What amazed me was to listen, for a third time, to a cello that hadn’t caught my ear before, and realize it was a truly lovely instrument. I hadn’t noticed it on the first few listens because it was so very different than my beautiful beloved reedy, room-filling, gold-red cello. Where my old cello was bright and up front, this cello was buttery smooth, integrated as if it were a ten-year-old instrument, very even from bottom to top (which is very unusual in a young instrument and indicates a lot about its intrinsic quality) and complex in a very subtle way. It isn’t a cello that would stand out played in a group, but it is a cello that will rivet your ear listening to it alone. It is a cello that was arresting, and yet soothing, and yet fascinating.

Dear reader, need I say what happened next? Quite unexpectedly I had come into a small sum of cash, and while I was very happy having it in savings, purchasing a cello is almost never a loss. The more a cello is played the more mature the sound becomes and the greater its value….so purchasing a cello wasn’t throwing money away, it was just keeping it in savings in another concept.

Within 12 hours the cello was on its way to me, and after trying several bows I am enthralled in a way I did not realize I would ever be again. And certainly not in a way I could ever be by a subtle instrument as in contrast to an in-your-face, grab your attention instrument LOL I have been playing it for a couple of weeks, and am enchanted.

Cellos go through many stages of breaking in, the first being the first couple of months a new cello is played consistently.

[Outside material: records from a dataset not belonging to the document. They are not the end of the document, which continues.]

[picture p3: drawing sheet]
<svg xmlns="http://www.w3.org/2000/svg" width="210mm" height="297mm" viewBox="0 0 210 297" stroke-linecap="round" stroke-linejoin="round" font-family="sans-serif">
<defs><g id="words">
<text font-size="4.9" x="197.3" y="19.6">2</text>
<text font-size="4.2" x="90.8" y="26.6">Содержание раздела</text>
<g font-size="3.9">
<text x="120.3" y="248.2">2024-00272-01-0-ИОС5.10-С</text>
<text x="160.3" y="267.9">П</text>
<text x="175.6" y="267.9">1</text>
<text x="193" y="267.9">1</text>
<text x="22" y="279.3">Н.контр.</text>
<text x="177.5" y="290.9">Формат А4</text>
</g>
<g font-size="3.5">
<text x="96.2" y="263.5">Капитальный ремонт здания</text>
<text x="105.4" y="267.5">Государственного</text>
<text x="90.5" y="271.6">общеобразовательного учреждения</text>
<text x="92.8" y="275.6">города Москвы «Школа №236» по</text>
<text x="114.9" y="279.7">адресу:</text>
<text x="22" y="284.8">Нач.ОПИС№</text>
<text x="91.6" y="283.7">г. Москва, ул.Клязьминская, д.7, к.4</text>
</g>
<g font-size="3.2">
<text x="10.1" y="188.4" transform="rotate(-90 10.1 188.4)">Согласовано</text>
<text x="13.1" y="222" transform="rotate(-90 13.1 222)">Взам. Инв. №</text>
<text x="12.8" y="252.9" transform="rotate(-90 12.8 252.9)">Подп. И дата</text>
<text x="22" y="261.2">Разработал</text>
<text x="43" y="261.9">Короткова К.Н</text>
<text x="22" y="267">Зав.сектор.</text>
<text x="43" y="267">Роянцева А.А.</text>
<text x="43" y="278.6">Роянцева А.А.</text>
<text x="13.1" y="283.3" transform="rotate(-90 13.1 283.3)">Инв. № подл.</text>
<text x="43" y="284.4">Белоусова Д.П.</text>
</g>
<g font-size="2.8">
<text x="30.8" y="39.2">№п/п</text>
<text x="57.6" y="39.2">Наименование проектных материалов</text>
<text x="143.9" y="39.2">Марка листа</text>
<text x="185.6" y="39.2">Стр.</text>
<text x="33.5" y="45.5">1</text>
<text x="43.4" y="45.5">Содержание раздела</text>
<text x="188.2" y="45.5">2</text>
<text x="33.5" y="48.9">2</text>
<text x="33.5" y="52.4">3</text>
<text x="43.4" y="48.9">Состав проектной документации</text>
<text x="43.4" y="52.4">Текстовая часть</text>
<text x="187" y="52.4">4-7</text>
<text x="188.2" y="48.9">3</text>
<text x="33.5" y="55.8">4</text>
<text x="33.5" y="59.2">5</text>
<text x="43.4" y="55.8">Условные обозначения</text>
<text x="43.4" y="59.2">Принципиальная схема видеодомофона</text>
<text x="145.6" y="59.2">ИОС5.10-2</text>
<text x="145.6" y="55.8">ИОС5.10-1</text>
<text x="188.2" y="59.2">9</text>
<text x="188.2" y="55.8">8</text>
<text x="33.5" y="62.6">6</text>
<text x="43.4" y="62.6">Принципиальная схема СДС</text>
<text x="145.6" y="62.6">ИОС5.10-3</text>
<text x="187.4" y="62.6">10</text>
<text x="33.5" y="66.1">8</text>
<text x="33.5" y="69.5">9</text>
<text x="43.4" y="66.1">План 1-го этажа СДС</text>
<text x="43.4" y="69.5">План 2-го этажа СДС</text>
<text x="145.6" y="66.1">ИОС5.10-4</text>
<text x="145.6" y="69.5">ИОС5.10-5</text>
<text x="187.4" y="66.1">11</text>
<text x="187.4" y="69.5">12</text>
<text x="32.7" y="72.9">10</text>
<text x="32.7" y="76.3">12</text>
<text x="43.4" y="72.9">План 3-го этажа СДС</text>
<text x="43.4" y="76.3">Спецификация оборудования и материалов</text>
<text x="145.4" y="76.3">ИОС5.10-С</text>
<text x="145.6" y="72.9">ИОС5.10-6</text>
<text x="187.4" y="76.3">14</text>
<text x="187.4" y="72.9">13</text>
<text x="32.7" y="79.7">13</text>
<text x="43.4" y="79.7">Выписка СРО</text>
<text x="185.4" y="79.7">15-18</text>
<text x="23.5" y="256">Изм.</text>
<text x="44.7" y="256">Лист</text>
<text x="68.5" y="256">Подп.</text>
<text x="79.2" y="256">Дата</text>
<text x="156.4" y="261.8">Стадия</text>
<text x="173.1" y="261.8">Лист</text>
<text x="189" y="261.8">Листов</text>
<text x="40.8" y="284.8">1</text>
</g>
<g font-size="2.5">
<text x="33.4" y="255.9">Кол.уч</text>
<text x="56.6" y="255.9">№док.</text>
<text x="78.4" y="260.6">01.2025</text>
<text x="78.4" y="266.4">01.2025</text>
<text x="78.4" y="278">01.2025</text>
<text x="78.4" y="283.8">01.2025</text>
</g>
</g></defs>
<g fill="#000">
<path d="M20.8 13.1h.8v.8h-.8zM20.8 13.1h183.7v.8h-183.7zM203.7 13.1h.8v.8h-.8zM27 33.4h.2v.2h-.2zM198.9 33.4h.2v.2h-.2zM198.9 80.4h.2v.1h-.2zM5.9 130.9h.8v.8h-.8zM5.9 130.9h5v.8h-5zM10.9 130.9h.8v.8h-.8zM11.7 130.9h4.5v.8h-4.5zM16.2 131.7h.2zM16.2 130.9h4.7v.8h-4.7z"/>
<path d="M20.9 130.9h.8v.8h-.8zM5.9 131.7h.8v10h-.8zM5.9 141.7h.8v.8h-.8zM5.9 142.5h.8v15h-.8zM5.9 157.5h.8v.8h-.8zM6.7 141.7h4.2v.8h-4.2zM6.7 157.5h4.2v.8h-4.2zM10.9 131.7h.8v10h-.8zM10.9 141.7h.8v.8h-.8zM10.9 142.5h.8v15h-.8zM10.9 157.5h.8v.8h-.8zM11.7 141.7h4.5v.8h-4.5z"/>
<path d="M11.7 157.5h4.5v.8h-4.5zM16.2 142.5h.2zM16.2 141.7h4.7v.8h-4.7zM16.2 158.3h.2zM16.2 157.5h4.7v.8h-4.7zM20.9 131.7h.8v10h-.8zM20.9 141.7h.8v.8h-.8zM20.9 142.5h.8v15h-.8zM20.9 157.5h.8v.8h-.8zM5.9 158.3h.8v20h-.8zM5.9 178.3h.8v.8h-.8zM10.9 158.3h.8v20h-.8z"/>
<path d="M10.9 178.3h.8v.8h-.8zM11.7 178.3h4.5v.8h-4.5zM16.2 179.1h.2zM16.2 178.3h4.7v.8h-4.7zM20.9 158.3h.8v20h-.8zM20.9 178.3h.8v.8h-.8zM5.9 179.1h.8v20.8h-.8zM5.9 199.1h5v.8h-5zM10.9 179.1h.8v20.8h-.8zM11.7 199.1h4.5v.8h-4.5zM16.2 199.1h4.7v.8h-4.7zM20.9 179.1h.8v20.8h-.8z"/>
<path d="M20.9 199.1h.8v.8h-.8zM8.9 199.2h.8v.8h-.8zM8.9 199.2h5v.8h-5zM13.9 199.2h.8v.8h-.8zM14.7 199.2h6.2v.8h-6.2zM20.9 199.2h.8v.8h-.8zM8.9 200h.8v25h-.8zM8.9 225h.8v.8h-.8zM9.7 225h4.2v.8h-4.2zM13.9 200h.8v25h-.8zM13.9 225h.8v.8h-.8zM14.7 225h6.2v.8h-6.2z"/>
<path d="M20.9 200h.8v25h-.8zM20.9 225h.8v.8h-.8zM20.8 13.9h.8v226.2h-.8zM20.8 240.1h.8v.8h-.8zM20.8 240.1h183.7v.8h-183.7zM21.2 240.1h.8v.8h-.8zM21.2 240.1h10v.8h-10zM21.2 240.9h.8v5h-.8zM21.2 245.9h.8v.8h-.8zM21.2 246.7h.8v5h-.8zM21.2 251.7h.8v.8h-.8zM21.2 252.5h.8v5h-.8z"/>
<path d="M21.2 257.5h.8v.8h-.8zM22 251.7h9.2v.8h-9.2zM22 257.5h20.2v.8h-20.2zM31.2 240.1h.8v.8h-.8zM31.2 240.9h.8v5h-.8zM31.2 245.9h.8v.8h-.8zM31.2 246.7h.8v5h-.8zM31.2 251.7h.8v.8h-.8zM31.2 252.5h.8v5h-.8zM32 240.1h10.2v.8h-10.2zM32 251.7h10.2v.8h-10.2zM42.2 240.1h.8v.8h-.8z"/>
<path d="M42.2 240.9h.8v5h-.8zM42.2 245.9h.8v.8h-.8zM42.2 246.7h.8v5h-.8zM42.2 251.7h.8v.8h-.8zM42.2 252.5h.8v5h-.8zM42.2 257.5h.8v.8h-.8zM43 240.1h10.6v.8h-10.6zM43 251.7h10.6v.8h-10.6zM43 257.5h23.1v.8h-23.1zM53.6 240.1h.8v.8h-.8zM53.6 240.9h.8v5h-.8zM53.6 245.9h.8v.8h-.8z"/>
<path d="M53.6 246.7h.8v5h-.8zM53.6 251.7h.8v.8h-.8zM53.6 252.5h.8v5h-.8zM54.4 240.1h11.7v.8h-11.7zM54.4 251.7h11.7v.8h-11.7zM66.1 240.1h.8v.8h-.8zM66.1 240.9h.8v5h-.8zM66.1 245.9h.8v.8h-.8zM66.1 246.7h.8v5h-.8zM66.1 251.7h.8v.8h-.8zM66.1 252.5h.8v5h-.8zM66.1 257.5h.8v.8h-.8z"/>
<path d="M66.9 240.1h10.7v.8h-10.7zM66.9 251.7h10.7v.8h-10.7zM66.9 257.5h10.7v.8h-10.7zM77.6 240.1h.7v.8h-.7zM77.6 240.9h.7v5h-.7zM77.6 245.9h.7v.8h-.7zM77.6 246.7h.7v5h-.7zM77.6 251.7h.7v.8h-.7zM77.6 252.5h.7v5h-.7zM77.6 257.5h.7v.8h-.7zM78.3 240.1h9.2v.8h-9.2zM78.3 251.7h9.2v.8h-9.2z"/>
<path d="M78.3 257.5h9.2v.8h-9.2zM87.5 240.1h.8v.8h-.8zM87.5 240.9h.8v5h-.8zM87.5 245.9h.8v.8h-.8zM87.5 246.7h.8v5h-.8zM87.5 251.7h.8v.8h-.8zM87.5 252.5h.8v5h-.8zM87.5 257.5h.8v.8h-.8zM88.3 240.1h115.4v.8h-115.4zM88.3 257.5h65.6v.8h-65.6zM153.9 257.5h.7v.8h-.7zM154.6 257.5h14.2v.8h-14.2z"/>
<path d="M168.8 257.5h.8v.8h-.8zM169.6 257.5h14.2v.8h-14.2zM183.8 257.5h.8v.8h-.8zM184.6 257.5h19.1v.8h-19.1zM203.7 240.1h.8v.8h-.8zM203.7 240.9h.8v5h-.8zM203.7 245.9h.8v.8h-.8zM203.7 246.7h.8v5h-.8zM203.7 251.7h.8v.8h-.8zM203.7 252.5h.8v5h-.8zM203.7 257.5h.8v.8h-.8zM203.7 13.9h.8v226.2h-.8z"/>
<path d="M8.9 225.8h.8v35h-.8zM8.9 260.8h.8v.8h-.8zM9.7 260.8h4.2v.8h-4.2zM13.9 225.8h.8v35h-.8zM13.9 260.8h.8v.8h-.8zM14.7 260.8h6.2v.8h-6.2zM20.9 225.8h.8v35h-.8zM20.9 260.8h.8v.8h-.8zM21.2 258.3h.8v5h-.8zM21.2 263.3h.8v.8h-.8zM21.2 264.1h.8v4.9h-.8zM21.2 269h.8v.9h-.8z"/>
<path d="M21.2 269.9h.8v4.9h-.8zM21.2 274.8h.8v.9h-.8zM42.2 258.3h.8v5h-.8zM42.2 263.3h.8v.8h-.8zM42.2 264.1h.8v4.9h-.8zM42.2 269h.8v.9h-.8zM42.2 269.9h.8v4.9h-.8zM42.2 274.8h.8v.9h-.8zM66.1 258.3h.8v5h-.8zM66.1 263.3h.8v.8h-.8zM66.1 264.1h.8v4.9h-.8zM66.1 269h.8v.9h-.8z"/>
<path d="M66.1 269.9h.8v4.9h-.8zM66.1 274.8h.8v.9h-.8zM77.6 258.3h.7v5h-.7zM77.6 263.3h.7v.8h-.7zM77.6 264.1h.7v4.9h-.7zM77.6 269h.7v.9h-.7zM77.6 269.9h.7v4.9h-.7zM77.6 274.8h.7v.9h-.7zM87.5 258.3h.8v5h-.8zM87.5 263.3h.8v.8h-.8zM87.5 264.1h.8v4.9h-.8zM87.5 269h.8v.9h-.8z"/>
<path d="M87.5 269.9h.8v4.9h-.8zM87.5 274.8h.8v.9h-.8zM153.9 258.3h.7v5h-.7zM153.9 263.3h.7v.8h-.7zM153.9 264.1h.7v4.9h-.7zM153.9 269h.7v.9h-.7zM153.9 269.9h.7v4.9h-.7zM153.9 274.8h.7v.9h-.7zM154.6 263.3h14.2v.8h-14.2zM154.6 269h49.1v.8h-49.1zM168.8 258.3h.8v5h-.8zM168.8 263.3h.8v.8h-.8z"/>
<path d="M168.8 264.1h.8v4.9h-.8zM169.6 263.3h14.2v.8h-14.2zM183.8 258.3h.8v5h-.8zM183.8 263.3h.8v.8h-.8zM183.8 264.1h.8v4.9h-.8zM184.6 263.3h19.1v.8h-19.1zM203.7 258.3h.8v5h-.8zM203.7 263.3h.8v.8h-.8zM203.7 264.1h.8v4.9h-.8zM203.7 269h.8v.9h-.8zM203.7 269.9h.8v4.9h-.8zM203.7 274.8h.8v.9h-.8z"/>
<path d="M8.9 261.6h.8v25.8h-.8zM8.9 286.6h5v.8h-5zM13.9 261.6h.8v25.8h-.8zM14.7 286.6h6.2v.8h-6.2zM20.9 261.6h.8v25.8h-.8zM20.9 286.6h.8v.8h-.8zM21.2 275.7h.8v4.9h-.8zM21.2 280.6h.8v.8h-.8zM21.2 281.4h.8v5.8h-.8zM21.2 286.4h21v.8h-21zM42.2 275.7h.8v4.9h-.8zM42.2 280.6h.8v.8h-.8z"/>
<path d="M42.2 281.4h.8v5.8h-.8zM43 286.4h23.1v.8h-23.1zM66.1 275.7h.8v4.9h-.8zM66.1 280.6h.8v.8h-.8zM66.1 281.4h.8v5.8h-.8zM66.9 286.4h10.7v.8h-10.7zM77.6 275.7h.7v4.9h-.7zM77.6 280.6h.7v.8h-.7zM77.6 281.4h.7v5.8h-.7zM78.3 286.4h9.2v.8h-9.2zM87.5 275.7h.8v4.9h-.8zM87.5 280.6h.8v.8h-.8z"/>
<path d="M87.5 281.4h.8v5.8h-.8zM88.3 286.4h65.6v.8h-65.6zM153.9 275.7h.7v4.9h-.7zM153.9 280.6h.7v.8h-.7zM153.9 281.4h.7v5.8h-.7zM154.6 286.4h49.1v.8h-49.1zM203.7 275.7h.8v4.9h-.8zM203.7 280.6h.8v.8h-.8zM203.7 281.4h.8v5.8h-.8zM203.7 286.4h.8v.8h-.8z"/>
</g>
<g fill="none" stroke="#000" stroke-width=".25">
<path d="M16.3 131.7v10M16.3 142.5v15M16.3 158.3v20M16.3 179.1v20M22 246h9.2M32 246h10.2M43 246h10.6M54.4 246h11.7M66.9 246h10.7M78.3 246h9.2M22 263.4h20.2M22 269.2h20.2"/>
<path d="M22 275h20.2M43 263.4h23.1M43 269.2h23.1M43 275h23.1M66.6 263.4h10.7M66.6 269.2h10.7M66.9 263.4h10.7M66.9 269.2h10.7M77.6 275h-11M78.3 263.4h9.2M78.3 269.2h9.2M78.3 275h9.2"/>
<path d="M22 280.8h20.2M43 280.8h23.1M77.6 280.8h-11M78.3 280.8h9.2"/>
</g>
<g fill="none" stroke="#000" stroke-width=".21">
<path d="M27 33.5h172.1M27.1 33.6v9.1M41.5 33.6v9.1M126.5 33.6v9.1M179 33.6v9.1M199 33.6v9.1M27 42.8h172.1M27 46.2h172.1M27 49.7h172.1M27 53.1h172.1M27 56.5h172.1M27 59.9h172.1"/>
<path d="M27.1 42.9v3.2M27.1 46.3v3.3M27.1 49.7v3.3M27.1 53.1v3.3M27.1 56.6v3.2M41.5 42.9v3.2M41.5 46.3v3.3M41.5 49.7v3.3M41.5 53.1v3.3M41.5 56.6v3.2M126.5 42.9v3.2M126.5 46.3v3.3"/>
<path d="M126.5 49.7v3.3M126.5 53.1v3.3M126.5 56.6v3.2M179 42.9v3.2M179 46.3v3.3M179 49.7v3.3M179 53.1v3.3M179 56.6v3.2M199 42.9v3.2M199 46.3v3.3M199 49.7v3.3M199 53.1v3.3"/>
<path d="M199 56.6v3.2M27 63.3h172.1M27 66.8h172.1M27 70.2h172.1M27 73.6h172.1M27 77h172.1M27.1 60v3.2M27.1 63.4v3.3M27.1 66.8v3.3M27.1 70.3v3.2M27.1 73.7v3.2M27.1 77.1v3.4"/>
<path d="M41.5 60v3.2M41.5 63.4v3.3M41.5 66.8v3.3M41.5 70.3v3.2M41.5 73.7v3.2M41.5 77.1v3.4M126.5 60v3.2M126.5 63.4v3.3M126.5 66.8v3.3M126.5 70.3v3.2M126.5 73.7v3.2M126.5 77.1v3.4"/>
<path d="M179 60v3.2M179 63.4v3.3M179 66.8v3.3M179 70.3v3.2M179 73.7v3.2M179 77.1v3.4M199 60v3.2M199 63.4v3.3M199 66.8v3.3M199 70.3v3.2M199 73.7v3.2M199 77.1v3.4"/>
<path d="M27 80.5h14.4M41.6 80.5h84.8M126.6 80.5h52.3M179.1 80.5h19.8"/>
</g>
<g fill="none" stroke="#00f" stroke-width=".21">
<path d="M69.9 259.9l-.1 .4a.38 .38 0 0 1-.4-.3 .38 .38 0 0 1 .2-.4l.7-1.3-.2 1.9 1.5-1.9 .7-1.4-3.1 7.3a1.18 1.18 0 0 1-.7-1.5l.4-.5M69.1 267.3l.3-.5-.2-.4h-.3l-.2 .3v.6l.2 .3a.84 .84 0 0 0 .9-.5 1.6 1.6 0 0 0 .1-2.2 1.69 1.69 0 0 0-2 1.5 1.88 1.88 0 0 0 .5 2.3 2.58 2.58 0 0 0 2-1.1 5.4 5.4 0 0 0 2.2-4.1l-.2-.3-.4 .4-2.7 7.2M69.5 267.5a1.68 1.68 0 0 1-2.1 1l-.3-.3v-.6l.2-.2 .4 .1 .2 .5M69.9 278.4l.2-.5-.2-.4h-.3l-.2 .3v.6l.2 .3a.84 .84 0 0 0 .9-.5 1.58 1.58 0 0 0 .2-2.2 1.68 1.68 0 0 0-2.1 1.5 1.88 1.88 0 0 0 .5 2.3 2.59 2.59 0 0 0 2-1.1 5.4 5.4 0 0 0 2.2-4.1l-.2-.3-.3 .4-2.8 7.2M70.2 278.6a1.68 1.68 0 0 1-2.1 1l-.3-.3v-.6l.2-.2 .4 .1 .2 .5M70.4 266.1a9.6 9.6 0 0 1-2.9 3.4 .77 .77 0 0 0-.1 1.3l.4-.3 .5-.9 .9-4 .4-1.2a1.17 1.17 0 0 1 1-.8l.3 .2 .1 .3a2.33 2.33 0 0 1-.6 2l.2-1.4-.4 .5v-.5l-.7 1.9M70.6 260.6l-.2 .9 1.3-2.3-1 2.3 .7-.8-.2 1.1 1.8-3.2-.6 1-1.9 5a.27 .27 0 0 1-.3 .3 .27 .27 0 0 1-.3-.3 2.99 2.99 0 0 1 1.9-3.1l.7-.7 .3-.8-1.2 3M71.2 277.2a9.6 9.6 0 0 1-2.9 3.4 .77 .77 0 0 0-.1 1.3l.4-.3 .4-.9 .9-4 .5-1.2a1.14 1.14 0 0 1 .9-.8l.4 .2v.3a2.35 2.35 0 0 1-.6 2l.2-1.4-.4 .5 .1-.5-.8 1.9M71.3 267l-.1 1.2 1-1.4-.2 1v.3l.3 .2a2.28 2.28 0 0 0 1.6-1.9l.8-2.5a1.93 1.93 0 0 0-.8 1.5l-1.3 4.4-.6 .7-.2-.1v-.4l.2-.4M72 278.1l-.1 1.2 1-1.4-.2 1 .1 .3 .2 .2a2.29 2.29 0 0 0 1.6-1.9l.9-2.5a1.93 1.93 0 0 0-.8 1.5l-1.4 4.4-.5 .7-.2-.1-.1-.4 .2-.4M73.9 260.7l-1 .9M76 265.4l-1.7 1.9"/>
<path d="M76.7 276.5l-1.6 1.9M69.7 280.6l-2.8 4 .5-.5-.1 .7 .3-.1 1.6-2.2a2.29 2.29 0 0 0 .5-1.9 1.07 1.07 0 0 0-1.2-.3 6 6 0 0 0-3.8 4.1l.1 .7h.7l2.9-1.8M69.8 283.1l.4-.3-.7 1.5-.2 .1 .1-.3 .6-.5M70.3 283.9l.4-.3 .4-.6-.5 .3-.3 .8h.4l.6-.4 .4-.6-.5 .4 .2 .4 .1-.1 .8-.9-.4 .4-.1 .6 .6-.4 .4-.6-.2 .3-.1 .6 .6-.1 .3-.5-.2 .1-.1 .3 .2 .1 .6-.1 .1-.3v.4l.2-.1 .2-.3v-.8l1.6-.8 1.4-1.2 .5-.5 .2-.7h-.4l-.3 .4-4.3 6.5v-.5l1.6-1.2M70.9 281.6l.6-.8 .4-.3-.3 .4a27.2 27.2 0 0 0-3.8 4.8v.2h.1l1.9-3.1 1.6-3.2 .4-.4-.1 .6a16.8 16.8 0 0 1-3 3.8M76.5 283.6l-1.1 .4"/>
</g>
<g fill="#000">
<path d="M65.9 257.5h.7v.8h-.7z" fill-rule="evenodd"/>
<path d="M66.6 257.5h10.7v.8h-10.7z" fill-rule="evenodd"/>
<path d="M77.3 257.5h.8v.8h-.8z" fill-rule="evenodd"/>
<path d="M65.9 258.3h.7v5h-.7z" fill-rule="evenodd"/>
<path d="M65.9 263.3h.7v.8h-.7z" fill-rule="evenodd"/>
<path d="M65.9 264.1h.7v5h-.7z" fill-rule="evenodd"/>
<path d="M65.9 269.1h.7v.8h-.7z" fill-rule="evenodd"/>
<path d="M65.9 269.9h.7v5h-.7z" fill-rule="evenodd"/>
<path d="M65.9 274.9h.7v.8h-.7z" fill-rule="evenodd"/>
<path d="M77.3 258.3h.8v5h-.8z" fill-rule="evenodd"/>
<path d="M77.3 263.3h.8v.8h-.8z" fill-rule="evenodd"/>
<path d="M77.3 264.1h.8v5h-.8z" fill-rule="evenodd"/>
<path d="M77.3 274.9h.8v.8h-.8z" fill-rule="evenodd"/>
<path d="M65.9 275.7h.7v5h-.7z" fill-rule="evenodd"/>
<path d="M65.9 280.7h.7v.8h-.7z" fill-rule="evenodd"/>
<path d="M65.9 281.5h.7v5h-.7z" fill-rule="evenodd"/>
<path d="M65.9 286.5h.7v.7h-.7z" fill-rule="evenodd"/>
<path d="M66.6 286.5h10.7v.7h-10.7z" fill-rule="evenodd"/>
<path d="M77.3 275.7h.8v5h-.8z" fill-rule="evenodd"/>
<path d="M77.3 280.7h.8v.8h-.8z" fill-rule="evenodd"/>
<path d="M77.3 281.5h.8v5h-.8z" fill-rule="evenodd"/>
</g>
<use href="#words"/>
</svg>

After that there is about a five-year stretch where the cello matures slowly, and then somewhere between that time and 10 years, there is a jump to a much more integrated consistent sound. After that, it simply gets better and better like a fine wine.

I have profound hand injuries, especially on the right-hand – which is of course the hand which takes the most strain, as it is the hand that holds the bow – through which a considerable amount of force will be distributed, even with the gentlest technique. My original instructor was quite the wizard at figuring out technique for my bow hand that would protect it from most damage. And I have been relearning, from many videos of the cellists who that bow technique drew on the most, how best to bow all over again. And, since my goal this time is very different than my goal a decade ago (which was to play concertos, at which I was very successful having been a classically-trained musician my whole life) this time, I am taking my time. I want to make sure my bow technique is as light and non-stressful and gentle and yet resonant as it can be, without further damaging my hand. In fact, I want playing my cello to be a consistent form of strengthening and physical therapy for that hand.

 These days what I most want to do on cello is play by ear (again, musician for my whole life, this is just part of my skillset – for which I am grateful, since it gives me another way to create!). Play with my spouse’s amazing electronic music, with which I do some nonverbal vocalizing to make lovely pieces, and which would work equally well with the human-voice-plus sound of my beautiful mellow sounding new cello. I want to play what is in my heart, rather than what is on a music staff. They are equally good goals, it’s an apples-to-oranges comparison to try to judge one over the other. I am simply in a different place in my life, in my creative career, in my creative goals, in my creative collaborations, in my current audio projects.

My soul wants to play the cello at this time, my soul is what responded to hearing a cello after all this time, and my soul is what wishes to sing through my lovely, red buttery instrument.